- Genre: Black comedy
- Based on: The Last Man on the List by Bob Randall
- Written by: Lindsay Harrison
- Directed by: Paul Shapiro
- Starring: Nicollette Sheridan John Ritter Sonja Smits Donna Pescow Amy Yasbeck Sheila McCarthy
- Music by: Jonathan Goldsmith
- Countries of origin: Canada United States
- Original language: English

Production
- Executive producers: Jean Abounader Alfred Monacella
- Producer: Karen Moore
- Cinematography: Frank Tidy
- Editor: Craig Bench
- Running time: 90 minutes
- Production companies: Power Pictures USA Pictures Blue Swan Entertainment (distributor)

Original release
- Network: USA Network
- Release: December 2, 1998

= Dead Husbands =

1998 Canadian-American film

Dead Husbands is a 1998 Canadian-American made-for-television black comedy film starring Nicollette Sheridan, John Ritter, Sonja Smits, Donna Pescow, Amy Yasbeck and Sheila McCarthy. It is based on the novel Last Man on the List by Bob Randall. The film is written by Lindsay Harrison and is directed by Paul Shapiro. It premiered on the USA Network on December 2, 1998.

== Plot ==
Dr. Carter Elson is startled to find a list of men’s names—with his own name at the bottom—among his wife Alexandra's possessions. The names before his happen to be the names of recently deceased men. With his friend Betty, Carter tries to solve the mystery of the list before his name reaches the top.

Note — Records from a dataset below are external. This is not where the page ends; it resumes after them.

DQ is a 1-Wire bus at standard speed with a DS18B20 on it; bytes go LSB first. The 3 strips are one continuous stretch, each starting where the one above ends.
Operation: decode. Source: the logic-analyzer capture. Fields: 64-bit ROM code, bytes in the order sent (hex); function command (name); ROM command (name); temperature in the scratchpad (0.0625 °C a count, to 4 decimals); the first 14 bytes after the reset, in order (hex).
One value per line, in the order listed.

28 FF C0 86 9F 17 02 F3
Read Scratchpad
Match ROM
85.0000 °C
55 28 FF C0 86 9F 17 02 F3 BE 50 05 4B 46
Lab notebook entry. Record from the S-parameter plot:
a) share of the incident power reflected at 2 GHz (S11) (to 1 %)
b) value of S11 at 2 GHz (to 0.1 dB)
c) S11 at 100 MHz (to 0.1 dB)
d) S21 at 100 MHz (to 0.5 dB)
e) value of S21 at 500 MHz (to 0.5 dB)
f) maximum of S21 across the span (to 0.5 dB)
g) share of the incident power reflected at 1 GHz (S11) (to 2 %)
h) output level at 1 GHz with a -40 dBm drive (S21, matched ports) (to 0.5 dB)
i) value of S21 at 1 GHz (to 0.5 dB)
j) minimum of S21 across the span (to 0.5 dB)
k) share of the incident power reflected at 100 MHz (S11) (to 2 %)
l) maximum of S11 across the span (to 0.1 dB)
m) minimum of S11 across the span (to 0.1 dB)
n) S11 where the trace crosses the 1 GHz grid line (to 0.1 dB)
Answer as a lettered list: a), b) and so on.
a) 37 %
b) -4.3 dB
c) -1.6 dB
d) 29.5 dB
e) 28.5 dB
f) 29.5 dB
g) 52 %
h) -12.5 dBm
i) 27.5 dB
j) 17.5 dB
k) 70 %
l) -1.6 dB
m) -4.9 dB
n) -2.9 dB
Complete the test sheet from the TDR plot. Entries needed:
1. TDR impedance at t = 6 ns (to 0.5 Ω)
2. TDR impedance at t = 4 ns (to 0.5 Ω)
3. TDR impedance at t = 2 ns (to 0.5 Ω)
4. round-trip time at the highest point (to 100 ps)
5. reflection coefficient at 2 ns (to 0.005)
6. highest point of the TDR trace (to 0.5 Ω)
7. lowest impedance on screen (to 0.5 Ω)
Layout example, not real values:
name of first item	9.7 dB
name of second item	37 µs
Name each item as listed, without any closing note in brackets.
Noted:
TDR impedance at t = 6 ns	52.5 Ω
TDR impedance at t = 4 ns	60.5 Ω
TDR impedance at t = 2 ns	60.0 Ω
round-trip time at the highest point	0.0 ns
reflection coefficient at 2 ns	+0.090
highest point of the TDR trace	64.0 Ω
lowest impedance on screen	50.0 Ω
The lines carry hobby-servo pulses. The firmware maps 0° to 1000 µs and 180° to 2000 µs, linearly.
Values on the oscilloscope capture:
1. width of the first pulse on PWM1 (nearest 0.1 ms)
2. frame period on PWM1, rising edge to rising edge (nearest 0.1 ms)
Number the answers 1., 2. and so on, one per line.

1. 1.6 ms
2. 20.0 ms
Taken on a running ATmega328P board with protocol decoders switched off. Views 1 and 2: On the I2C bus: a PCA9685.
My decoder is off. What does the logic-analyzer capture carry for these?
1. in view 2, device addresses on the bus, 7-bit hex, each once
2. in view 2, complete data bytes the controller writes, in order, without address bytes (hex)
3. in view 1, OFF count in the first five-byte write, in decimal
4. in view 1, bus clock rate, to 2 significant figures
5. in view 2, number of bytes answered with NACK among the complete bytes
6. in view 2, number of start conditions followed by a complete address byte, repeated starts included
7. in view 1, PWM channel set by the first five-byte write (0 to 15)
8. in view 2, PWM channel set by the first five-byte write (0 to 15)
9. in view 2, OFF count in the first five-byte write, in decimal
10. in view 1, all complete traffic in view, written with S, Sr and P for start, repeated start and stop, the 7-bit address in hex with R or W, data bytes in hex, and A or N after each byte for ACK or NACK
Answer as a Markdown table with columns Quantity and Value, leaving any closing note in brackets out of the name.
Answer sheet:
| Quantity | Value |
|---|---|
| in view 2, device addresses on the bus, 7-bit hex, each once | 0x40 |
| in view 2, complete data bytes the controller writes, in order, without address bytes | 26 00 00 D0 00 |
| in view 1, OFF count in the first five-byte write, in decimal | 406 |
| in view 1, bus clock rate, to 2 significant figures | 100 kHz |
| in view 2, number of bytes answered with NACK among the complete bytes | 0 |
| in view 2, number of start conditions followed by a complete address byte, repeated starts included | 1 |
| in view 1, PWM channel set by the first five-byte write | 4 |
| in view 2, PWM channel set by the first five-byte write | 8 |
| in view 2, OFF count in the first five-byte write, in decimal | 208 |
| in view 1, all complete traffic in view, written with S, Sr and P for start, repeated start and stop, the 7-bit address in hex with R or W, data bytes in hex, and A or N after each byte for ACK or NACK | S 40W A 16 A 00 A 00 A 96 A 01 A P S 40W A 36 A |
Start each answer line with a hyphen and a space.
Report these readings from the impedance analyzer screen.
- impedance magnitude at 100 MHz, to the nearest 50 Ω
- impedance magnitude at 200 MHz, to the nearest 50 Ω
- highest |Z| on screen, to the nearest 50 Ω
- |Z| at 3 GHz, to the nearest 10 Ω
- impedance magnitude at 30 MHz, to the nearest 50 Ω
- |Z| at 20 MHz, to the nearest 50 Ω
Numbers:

It is revealed that Alexandra, a small town-girl who married Carter in order to climb the social ladder, has become dissatisfied with her husband as he expresses a desire to move to a small town in New Hampshire. Alexandra has befriended Sheila and Rosemary, a pair of wives who are similarly unhappy with their partners but don’t want to part with the financial benefits offered. Sheila and Rosemary are part of a chain letter in which one can get her husband’s name on the bottom of the list if the man listed at the top is killed. Alexandra joins the chain letter without hesitation but runs into obstacles when she finds her membership usurped by another woman and tries to jump the line.

==Reception==
Paul Freitag-Fey of the Daily Grindhouse wrote the film is "a surprisingly mean-spirited bit of black comedy that sometimes feels like two different tones warring with each other (the affable everyman of Ritter’s Carter and the almost Paul Bartellian wickedness of, well, everyone else) but still manages to be consistently entertaining."